§ **Assignment**: Look below for the line containing "Rx(pitch). One object per line."; from there through the line containing "- frog figurine <box>292,181,358,249</box>", both lines included, please set down each line exactly and nothing else.

§ **Exercise material**:
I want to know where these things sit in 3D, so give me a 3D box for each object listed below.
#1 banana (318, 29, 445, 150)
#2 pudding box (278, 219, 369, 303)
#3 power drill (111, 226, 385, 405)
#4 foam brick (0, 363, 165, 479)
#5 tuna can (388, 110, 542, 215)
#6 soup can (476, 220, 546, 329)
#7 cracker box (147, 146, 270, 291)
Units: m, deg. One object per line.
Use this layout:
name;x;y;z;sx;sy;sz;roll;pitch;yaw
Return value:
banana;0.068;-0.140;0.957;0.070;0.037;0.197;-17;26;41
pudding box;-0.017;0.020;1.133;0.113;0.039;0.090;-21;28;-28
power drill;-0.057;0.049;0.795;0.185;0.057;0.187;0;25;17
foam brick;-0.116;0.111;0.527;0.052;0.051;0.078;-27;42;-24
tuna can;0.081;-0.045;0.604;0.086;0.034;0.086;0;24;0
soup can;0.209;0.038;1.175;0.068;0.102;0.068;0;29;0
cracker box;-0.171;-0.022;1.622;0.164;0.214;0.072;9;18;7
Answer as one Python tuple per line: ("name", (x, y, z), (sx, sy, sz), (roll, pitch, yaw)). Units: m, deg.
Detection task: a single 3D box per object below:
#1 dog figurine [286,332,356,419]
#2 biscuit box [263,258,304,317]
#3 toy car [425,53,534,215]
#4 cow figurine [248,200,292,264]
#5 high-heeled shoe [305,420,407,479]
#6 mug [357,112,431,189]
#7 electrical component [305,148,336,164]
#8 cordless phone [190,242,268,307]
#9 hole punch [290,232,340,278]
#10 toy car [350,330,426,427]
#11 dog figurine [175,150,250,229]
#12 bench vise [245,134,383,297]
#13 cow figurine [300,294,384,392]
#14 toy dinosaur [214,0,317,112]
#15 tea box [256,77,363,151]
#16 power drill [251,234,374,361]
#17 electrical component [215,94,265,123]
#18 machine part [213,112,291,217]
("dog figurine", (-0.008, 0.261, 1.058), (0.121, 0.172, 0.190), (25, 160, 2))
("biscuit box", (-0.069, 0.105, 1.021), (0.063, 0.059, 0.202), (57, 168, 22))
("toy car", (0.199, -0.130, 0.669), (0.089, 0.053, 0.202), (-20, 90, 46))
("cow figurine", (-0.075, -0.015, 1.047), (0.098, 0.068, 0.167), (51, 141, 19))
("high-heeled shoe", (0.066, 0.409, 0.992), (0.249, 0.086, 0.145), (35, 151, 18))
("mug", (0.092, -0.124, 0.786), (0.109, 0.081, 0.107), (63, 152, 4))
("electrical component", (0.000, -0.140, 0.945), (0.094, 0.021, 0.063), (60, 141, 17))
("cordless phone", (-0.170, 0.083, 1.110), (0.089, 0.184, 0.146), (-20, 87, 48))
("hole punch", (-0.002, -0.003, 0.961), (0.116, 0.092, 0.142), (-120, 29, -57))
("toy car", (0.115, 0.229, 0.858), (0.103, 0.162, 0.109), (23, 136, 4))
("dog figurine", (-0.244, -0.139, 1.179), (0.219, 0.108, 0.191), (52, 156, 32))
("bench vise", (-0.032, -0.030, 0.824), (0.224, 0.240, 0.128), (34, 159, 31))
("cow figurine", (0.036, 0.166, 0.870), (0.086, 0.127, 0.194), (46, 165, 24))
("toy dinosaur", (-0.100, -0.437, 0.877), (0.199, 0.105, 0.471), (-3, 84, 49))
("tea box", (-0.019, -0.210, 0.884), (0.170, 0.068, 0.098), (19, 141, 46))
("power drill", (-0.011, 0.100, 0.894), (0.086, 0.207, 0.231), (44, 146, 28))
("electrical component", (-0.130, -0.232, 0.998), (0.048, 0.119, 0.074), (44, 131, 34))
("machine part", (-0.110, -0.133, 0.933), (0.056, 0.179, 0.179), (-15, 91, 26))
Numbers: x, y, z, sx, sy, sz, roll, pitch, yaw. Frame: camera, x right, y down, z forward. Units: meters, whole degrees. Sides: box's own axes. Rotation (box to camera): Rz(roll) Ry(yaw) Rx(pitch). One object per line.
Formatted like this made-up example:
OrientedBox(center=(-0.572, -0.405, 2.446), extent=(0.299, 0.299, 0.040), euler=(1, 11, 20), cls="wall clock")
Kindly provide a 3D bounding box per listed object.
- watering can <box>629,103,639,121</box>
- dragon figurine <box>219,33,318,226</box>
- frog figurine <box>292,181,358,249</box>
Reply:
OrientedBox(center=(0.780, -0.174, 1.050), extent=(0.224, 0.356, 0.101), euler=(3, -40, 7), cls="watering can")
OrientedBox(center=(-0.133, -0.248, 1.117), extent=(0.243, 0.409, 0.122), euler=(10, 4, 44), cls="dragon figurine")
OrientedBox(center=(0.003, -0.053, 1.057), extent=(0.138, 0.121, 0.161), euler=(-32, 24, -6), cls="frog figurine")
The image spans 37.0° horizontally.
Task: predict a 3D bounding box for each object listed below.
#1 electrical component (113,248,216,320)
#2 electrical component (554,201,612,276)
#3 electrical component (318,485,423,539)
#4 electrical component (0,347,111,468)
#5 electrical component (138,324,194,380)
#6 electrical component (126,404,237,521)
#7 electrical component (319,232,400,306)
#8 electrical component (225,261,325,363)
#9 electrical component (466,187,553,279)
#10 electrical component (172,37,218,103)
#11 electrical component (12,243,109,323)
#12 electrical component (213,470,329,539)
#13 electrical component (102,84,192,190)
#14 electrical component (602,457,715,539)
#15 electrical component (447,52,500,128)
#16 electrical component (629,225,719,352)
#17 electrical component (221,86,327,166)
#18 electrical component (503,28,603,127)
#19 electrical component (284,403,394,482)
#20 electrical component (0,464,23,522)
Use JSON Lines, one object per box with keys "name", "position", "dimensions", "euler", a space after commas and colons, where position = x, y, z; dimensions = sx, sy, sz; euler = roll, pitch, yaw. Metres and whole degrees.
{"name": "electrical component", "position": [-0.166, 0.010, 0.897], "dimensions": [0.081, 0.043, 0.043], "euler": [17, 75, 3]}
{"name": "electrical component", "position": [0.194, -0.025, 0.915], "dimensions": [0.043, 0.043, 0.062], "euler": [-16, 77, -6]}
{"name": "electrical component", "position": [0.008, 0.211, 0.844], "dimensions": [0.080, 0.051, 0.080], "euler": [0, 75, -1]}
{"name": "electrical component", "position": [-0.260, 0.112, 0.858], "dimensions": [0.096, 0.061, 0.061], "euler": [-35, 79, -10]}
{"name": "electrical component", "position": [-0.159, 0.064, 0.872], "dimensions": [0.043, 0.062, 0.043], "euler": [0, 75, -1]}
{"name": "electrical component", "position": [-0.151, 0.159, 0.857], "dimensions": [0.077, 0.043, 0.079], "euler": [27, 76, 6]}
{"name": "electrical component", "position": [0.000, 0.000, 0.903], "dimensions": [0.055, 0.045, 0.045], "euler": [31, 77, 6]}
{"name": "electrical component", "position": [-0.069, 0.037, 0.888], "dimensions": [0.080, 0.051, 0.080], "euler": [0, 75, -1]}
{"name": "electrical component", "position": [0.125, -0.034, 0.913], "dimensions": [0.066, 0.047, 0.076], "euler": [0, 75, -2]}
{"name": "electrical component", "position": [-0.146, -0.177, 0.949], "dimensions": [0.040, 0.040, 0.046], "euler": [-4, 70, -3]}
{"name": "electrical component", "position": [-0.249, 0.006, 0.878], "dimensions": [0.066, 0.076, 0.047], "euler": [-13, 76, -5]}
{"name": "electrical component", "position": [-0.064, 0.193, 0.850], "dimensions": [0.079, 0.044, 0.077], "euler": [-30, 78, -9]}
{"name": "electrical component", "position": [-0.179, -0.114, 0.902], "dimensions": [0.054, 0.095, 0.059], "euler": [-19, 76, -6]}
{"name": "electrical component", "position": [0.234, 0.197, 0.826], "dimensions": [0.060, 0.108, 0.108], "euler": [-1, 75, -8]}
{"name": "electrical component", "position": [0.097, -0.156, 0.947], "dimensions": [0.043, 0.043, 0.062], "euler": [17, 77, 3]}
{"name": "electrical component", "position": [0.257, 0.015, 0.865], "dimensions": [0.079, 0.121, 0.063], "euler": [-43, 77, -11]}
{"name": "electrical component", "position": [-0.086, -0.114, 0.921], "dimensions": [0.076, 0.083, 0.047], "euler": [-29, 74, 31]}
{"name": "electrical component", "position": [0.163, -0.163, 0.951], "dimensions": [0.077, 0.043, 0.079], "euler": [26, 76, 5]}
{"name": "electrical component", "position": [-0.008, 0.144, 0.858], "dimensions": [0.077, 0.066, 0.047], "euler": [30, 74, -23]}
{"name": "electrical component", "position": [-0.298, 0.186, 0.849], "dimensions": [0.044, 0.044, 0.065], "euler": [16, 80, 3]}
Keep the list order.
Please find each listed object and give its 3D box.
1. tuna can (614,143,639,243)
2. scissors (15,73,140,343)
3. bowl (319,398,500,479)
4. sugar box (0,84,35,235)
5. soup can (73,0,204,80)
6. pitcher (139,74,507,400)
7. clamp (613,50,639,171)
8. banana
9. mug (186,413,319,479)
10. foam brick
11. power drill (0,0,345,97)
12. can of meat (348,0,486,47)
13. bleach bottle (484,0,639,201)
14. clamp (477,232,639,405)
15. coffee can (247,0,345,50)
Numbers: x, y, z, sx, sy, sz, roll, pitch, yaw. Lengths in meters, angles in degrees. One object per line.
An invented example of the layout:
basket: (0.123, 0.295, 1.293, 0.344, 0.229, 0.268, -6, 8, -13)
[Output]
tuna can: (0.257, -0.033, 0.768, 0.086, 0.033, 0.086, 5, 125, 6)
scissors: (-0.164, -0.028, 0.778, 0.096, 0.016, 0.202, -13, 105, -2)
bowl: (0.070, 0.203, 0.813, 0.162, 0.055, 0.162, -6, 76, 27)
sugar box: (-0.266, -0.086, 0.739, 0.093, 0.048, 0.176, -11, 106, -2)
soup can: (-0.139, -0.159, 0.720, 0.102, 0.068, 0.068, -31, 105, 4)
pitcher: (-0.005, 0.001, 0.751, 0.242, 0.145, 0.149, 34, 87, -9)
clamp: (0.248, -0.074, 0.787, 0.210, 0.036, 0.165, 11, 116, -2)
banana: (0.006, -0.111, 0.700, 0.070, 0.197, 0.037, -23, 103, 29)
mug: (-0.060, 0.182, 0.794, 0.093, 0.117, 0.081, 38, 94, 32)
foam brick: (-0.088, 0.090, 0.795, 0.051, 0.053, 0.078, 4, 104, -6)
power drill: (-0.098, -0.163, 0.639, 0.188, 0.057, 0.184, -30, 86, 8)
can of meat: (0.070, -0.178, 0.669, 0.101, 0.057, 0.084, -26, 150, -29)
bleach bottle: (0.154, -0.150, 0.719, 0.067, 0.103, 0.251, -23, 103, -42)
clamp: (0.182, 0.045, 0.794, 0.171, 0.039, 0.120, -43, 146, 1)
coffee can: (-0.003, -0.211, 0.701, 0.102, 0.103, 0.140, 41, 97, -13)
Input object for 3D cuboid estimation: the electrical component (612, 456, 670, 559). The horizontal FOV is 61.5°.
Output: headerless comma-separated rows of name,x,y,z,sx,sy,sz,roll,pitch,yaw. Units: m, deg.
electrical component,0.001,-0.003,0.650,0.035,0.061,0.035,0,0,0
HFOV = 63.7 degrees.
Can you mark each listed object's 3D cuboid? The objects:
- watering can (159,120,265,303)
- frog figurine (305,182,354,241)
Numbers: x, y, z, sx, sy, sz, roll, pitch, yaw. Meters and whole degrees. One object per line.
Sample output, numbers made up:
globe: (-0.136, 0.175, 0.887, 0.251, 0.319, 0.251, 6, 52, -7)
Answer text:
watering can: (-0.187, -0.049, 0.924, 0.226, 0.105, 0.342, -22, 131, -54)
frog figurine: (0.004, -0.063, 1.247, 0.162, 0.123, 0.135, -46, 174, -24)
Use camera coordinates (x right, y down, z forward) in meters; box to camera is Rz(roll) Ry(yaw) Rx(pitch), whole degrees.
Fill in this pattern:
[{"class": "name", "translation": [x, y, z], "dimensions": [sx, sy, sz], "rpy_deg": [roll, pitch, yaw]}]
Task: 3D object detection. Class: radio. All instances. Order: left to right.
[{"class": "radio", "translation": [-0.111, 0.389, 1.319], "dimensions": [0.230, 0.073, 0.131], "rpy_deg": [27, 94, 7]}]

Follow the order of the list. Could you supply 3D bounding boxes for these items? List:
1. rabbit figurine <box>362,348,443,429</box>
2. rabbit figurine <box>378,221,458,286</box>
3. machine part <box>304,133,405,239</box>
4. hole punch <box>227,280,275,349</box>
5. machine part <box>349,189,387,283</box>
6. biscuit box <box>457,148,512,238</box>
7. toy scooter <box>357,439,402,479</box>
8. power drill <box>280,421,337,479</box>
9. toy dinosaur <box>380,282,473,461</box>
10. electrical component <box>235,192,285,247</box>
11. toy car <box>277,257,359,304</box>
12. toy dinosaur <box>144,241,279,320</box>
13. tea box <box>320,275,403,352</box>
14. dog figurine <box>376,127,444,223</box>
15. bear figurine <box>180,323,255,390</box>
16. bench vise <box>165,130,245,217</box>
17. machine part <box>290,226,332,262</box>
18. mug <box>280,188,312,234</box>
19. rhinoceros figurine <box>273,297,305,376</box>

§ **Response to the exercise**:
Numbers: x, y, z, sx, sy, sz, roll, pitch, yaw. Frame: camera, x right, y down, z forward. Units: meters, whole degrees. Sides: box's own axes. Rotation (box to camera): Rz(roll) Ry(yaw) Rx(pitch). One object per line.
Formatted like this made-up example:
OrientedBox(center=(-0.572, -0.405, 2.446), extent=(0.299, 0.299, 0.040), euler=(1, 11, 20), cls="wall clock")
Kindly provide a 3D bounding box per listed object.
- watering can <box>629,103,639,121</box>
- dragon figurine <box>219,33,318,226</box>
- frog figurine <box>292,181,358,249</box>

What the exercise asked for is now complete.